> WHAT YOU ARE ASKED TO DO:
Whenever the string "ontvangst" turns up in a line of the data below, copy that line.

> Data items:
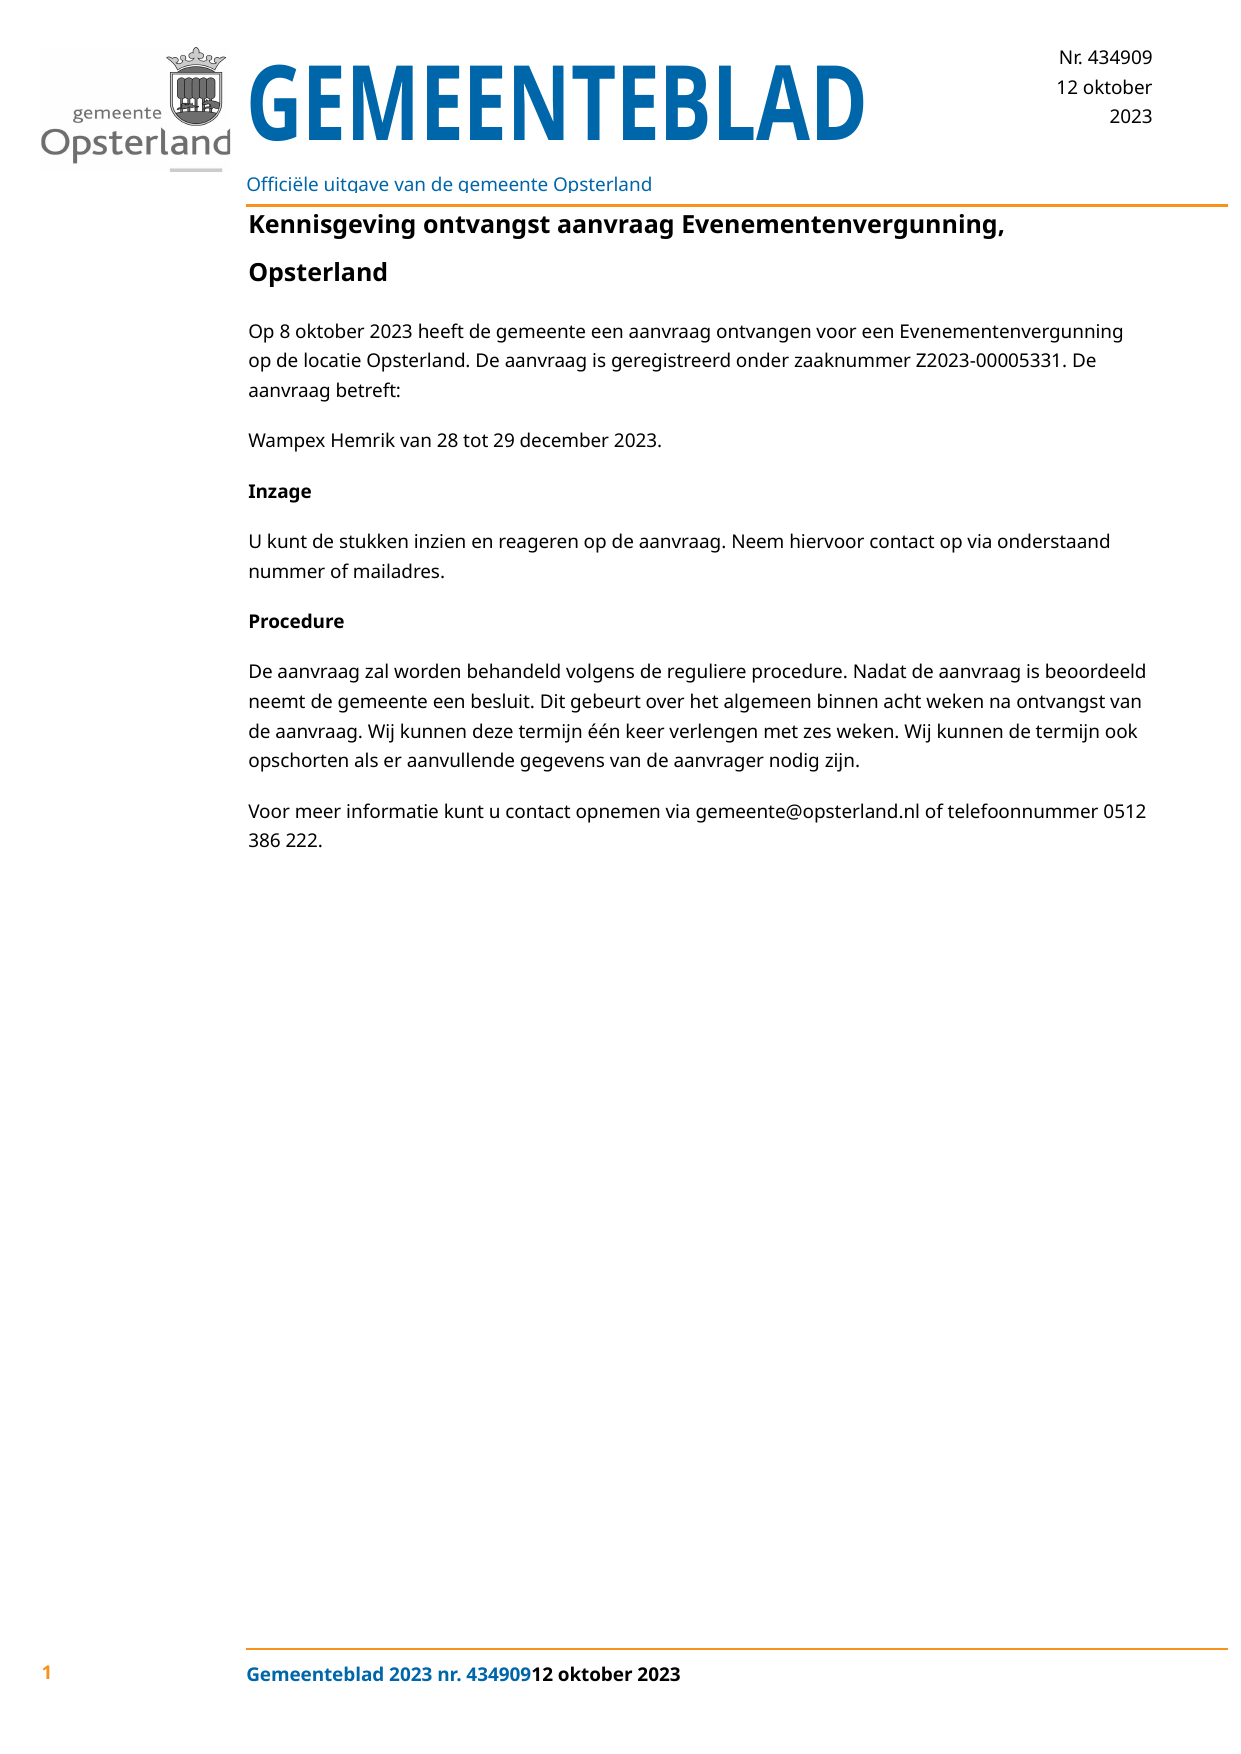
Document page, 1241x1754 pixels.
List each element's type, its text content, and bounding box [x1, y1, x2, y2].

text Voor meer informatie kunt u contact opnemen via gemeente@opsterland.nl of telefoonnummer 0512 386 222. [248, 798, 1152, 853]
picture [41, 47, 231, 172]
text Procedure [248, 608, 1152, 634]
text Wampex Hemrik van 28 tot 29 december 2023. [248, 427, 1152, 453]
text De aanvraag zal worden behandeld volgens de reguliere procedure. Nadat de aanvraag is beoordeeld neemt de gemeente een besluit. Dit gebeurt over het algemeen binnen acht weken na ontvangst van de aanvraag. Wij kunnen deze termijn één keer verlengen met zes weken. Wij kunnen de termijn ook opschorten als er aanvullende gegevens van de aanvrager nodig zijn. [248, 659, 1152, 773]
text Op 8 oktober 2023 heeft de gemeente een aanvraag ontvangen voor een Evenementenvergunning op de locatie Opsterland. De aanvraag is geregistreerd onder zaaknummer Z2023-00005331. De aanvraag betreft: [248, 318, 1152, 403]
text Kennisgeving ontvangst aanvraag Evenementenvergunning, Opsterland [248, 207, 1152, 288]
text U kunt de stukken inzien en reageren op de aanvraag. Neem hiervoor contact op via onderstaand nummer of mailadres. [248, 528, 1152, 584]
text Inzage [248, 478, 1152, 504]

> SOLUTION TO THIS EXERCISE:
text De aanvraag zal worden behandeld volgens de reguliere procedure. Nadat de aanvraag is beoordeeld neemt de gemeente een besluit. Dit gebeurt over het algemeen binnen acht weken na ontvangst van de aanvraag. Wij kunnen deze termijn één keer verlengen met zes weken. Wij kunnen de termijn ook opschorten als er aanvullende gegevens van de aanvrager nodig zijn. [248, 659, 1152, 773]
text Kennisgeving ontvangst aanvraag Evenementenvergunning, Opsterland [248, 207, 1152, 288]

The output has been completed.